Some colocation providers can also offer a portfolio of geographically distant data centers to allow businesses to choose the locations that meet their unique needs. An organization can choose a primary site near its headquarters for convenience and a more remote, secondary facility for DR purposes. This dual deployment model allows businesses to failover operations to the DR site, if the primary location becomes unavailable. The distance between these data centers ensures a localized disaster cannot impact both facilities. This location can also be used to backup data or to provide a facility for staff to work in if the production site is inaccessible.
Colocation data centers also support BC through scheduled maintenance programs and equipment refreshes, which optimize the performance and availability of systems. Routine maintenance can be overlooked by businesses’ internal IT teams, whose focus is on implementing IT strategies designed to reach core business objectives. This can leave systems vulnerable to failures. Third-party data centers have technicians dedicated to monitoring, managing and maintaining data center equipment 24x7x365 to limit issues.
Regular inspections of the physical infrastructure should be part of preventive maintenance. Electrical and power systems, UPS, generators, heating and cooling, smoke detection and fire extinguishing, as well as the miles of cables and connection need to be scrupulously maintained.
Skilled on-staff data center technicians engineers are also available to help organizations design and implement BC and DR strategies that promote uptime.
Third-party data center providers choose locations that are outside of areas prone to natural disasters and other environmental risks. For added protection, they also specifically design and construct the facilities to endure extreme conditions, such as high winds and tremors, to protect customers’ IT assets. To limit unauthorized access that can invite risk, colocation data centers utilize a series of security measures, protocols and best practices—including access controls, video surveillance and on-site, trained security personnel.
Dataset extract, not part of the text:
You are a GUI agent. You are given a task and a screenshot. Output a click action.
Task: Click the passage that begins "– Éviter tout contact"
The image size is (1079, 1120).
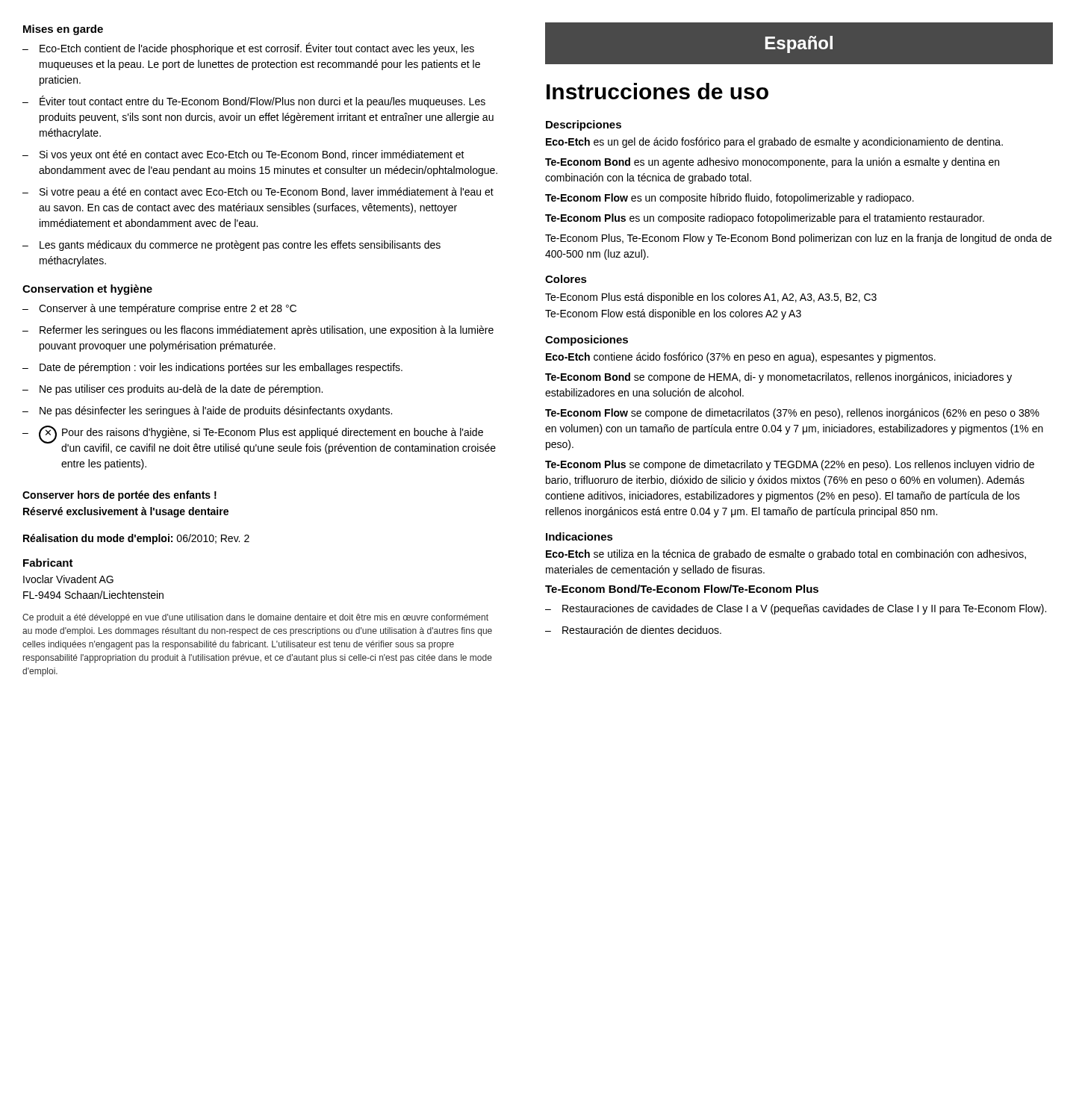[261, 118]
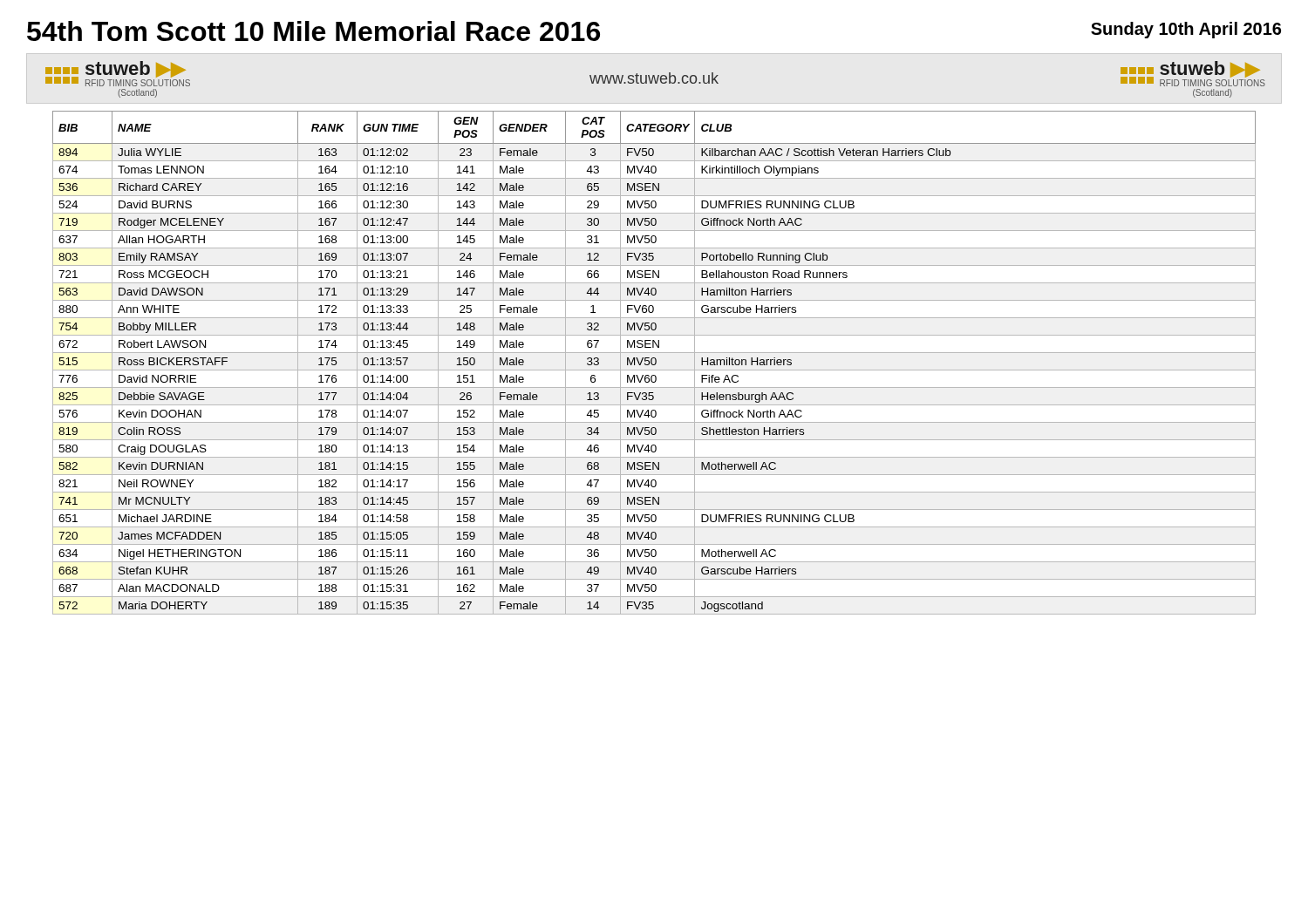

Many third-party data centers offer access to both colocation and cloud services. These diverse deployments allow organizations to build flexible BC/DR solutions that integrate hybrid IT, various backup options, disaster recovery as a service (DRaaS) and more. This flexibility also allows organizations to meet specific operational requirements and budgetary restraints. Access to cloud services can be particularly important when supporting remote work capabilities.
While devising BC and DR strategies is complex, the effort is well worth the time and energy spent. The ability to continue business operations and effectively restore IT infrastructure in the face of a crisis is critical to business success. Third-party data centers can offer the advice, technical support and infrastructure to ensure operational resilience and availability in even the most challenging circumstances.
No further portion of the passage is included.